Textual and Visual Studies at Trinity:
Why Here?
There are many good reasons for choosing Ireland, Dublin, and specifically Trinity College , as a starting-point for postgraduate study.
The Irish university education system is particularly well organized, and in Trinity College you will receive carefully designed instruction, a systematic programme of learning, an exceptionally good Library (one of the best in Europe: over 4 million volumes), and decent computer facilities.
English is the teaching language of our course. But even if English is not your first language, the recommended readings may include materials that take account of your language background. The course is taught by an international and multilingual lecturing staff.
We have a long-established tradition of pastoral care, whereby students' interests are protected by personal tutors; this system has recently been extended to include postgraduates, and there is also an active and highly competent Graduate Students' Union to safeguard your interests.
Our campus is a place of great visual beauty and historical interest. Student life is friendly and stimulating, with more than a hundred student societies and sports clubs. Dublin is one of Europe's most engaging capitals, with a broad range of entertainment and culture including world-class theatres, galleries, museums and a good concert hall. Trinity is right in the middle of the city, close to Grafton Street, the river Liffey, and Temple Bar. See the Introduction to Trinity College on the web pages of the Office of International Student Affairs.
History of Textual and Visual Studies at Trinity
The Textual and Visual Studies Master's course was originally run as a joint degree programme by partners in France and Ireland: the French Department at Trinity College Dublin; the UFR Sciences des Textes et Documents and the Centre d'étude de l'écriture et de l'image associated with the CNRS at Université Paris 7 - Denis Diderot; and the Département de l'histoire de l'art et de l'archéologie at Université Paris X - Nanterre. The Faculty of Letters (French Department and Word & Image Studies) of the Vrije Universiteit Amsterdam and the English Department (l'UFR d'Etudes anglophones) at Université Paris 7 were also associated with the course, which was set up in order to provide an introduction to the study of the relationship between the textual and the visual in literature, the arts and other areas of cultural expression. The focus was on 19th and 20th-century France, and the syllabus included an introduction to historical bibliography and book production (setting type by hand and printing).
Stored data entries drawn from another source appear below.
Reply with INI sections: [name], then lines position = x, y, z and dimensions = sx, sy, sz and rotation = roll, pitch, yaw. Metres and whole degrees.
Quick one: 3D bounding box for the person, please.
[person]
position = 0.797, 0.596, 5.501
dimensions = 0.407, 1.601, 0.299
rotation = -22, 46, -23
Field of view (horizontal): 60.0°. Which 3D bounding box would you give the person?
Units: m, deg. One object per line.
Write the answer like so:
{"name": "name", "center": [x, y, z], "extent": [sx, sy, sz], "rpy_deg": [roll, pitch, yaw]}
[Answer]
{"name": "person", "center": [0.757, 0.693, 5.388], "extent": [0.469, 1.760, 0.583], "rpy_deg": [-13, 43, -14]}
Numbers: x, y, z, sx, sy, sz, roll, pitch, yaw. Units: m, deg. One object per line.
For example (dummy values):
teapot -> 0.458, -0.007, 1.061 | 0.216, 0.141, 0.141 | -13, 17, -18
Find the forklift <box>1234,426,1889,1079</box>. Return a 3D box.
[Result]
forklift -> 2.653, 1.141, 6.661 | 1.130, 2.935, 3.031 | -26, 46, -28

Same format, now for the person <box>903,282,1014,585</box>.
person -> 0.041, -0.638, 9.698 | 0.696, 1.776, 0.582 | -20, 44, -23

Following some structural changes, which included on the Trinity College side the creation of a new School of Languages, Literatures and Cultural Studies, the MPhil has been redesigned to run entirely in Dublin, to cover a broader range of European languages and cultures, and to make its content, its innovative methodologies and the expertise of its teaching staff available to a wider public. It forms part of a diverse but complementary suite of postgraduate taught courses within Trinity College. The redesign of postgraduate options has continued the School's policy of formulating elements that can be shared by students taking different MPhils, thus favouring the academic and social integration of postgraduate development in the School without losing the specific character of individual degree programmes. We believe that some of the new option modules can enrich the learning experience of those taking European Studies and Comparative Literature as well as the students of Textual & Visual Studies. The result of this opening-out of Textual & Visual Studies will be a further intensification of innovative interdisciplinary research in the School, including new applications for PhD study. This connects with the establishment of our new research institute, the Long Room Hub, and with Trinity's participation in the Texts, Contexts and Cultures initiative, an interdisciplinary PhD research programme in the Arts and Humanities.